You're the one who's instinctual association was to a dominatrix. It's your viewpoint of oppression and domination that's clouding your judgement.
Maybe one day we'll live in an AI supported paradise and you won't need to take risks.
Until we get there, it's going to be men's shitty role to take risks. I appreciate everyone who takes risk, men are just programmed for it.
And they need this dumb incentive carrot at the end. They need to see those few men at the top who made it to want to take their risk. You shouldn't hate them for it.
You have one sperm out of millions reaching the egg, while the egg's risk is that nothing will come. Until our society devolves into the women artificially inseminating themselves while being supported by robots in paradise, the real risk to society is that men stop taking risks. The least you can do is have some compassion for the fools.
> I think having people with courage to stand up and argue against the consensus is incredibly important.
I agree it would be nice if Loeb tried that.

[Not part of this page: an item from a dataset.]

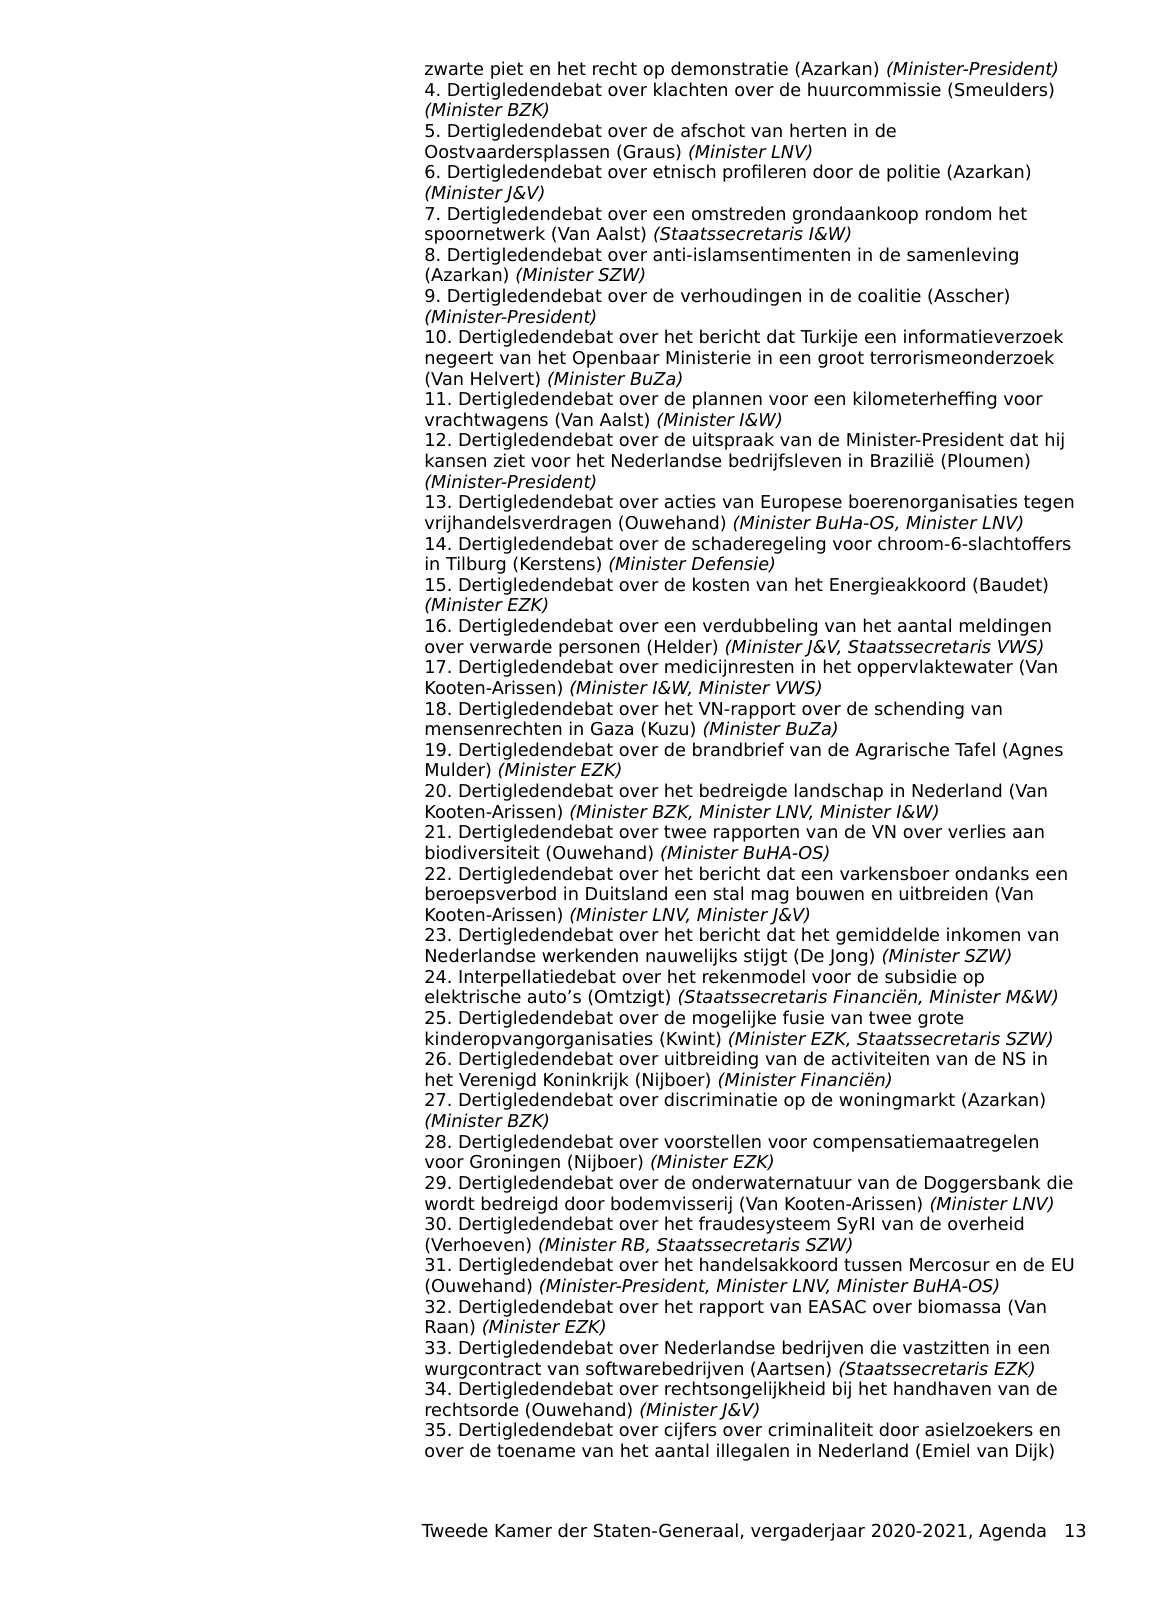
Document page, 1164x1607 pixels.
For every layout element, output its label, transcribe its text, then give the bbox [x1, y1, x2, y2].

So far he hasn't made any arguments, just bloviated.
And what "consensus" do you imagine Loeb is your champion against? Tarter is a pioneer carving out a new discipline, not the latest head of some ancient SETI cartel started by Aristotle. Any "consensus" is tentative at best. To hear Loeb speak, you would think it were he who started searching for techno-signatures forty years ago--with Tarter in a dominatrix outfit and a whip waylaying him at every step.
He yelled over her, refused to let her speak, misrepresented her arguments, and tarred a diverse research community with a broad brush. Nobody made him show his own ass on Zoom. That was his choice.

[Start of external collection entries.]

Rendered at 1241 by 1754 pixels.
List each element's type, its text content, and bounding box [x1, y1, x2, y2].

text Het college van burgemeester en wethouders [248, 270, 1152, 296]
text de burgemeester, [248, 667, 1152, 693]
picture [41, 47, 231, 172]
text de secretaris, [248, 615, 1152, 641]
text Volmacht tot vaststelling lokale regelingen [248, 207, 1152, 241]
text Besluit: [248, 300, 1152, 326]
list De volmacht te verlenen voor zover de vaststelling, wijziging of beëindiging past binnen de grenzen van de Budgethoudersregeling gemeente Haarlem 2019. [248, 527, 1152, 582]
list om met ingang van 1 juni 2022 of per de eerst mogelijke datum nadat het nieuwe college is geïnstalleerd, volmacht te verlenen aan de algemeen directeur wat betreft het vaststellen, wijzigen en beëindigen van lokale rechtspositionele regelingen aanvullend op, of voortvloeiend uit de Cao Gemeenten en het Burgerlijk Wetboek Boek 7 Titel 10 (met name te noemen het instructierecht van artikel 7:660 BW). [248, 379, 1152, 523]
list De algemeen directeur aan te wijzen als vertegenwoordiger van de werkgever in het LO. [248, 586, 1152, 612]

By contrast Tarter was polite, gracious, and statesman-like. She defended her colleagues clearly and let the clown dig his own grave. Never interrupt your enemy when he's making a mistake. If I were one of the researchers she were defending, I would be proud to have her up there representing me, and certainly glad I wasn't the one who was asked to find time in my research schedule to act as some narcissist's punching bag for an hour so he can build his social media viewership.
Loeb is just another science grifter who pumps up bad ideas with hot air in order to make some post-truth money off rubes who watch Joe Rogan--where making wild and evidence-free claims made with a flourish of performative masculinity beat decades of careful research.